Aufgeregt war Johann vor dem Kennenlernen nicht: "Die beiden sind ungefähr so alt wie meine Großeltern und mit denen gehe ich ja auch ganz normal um", erklärt er. Außerdem steht in allen seinen Zeugnissen, die an der Montessorischule manchmal bis zu sechs Seiten lang sind, er habe eine offene Art und könnte gut mit Menschen umgehen.

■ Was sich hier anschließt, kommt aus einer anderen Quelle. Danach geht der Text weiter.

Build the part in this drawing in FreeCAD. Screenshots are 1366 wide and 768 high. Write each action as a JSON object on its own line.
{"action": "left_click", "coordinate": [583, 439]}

"Die sind noch von der alten Schule", beschreibt Peter Müller das Ehepaar augenzwinkernd. Mittlerweile hat Johann die beiden schon mehrere Male getroffen und die Gespräche gehen langsam in die Endphase. Aller drei Wochen sitzen die vier zusammen, plaudern erst ein bisschen, essen Kekse, bevor die eigentliche Arbeit beginnt. Dann liegen die Diktiergeräte auf dem Tisch und Johann muss vor allem eines tun: zuhören. So hat er erfahren, dass Herr Baer einmal Bauingenieur war, als Student als Reiseführer gejobbt hat und Englisch, Französisch sowie Ungarisch spricht. Außerdem gab es, als er noch ein Junge war, richtige Jugendbanden, die sich gegenseitig das Leben schwer gemacht haben. Im Gedächtnis bleibt ihm, wie er sagt, vor allem eine Geschichte. Da wo jetzt Jugendliche - wie er - im Alaunpark sitzen, war damals nur ein großer Teerplatz mit einem Mosaik, das die Namen der gefallenen Dresdner Soldaten trug, hat er von Herr Baer erfahren.

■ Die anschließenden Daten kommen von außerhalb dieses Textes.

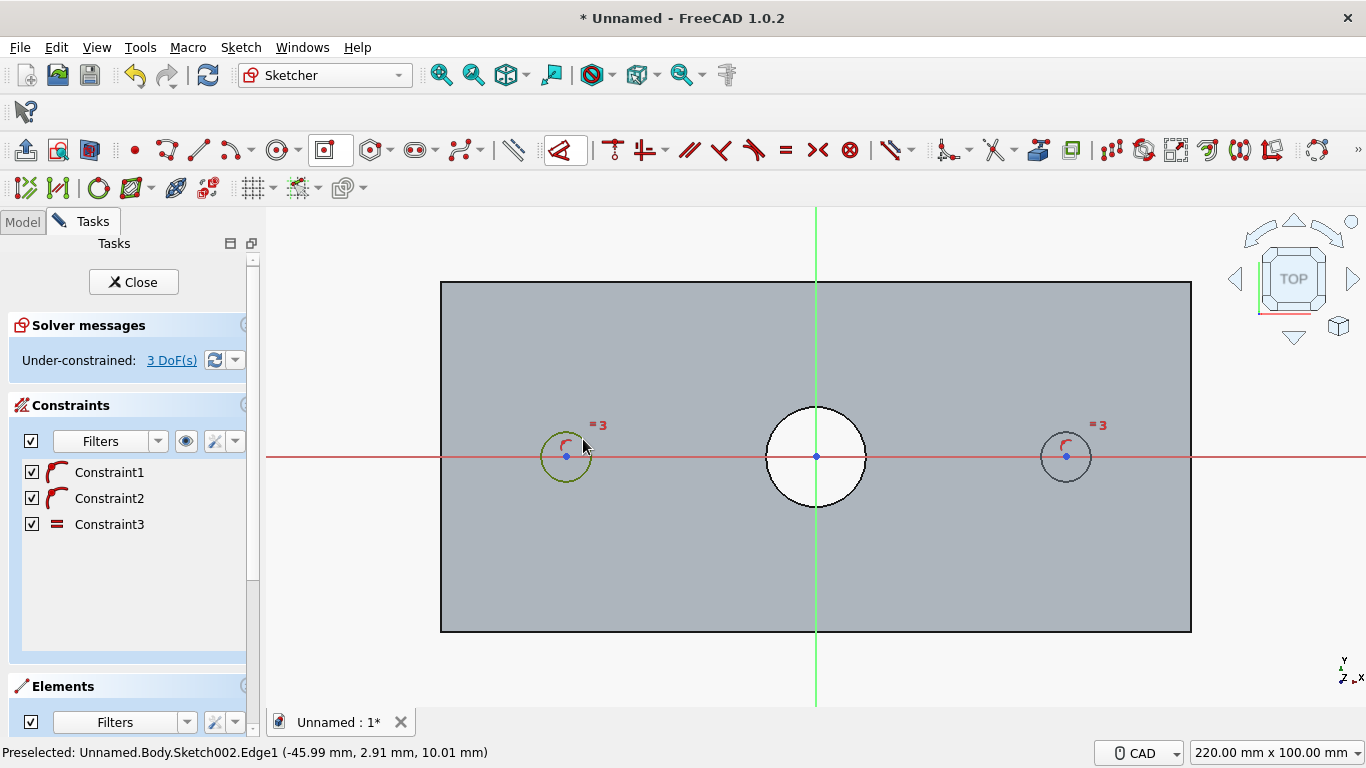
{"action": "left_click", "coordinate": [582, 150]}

In einigen Familien ist es üblich, dass dem Testament eine Autobiografie beigelegt wird. So soll vom Leben eine Spur übrig bleiben. Die Lebensgeschichte des Ehepaars Baer wird in einem kleinen Büchlein in A5-Format erscheinen. Auf der ersten Seite wird eine Zeichnung der Porträtierten von einer Dresdner Künstlerin zu sehen sein, die schon öfter für die Lebensbücher gezeichnet hat. Die meiste Arbeit macht für Johannes aber das Aufschreiben der Audiomitschnitte. "Wenn wir eine Stunde Gespräch aufzeichnen, sitze ich an die sechs Stunden am Laptop, um es in Textform zu bringen." Er selbst darf entscheiden, was er als wichtig oder als nebensächlich erachtet, was also in der Biografie landet und was nicht. Noch dazu sind die Baers selber fleißige Schreiber von Geschichten und somit auch die schärfsten Kritiker der Texte, die Johann aus ihrer Perspektive schreibt. Das ist allerdings auch nicht verwunderlich, schließlich geht es ja um ihre eigene Lebensgeschichte, die da geschrieben wird. Um die Spur ihres Lebens, die einmal übrig bleibt.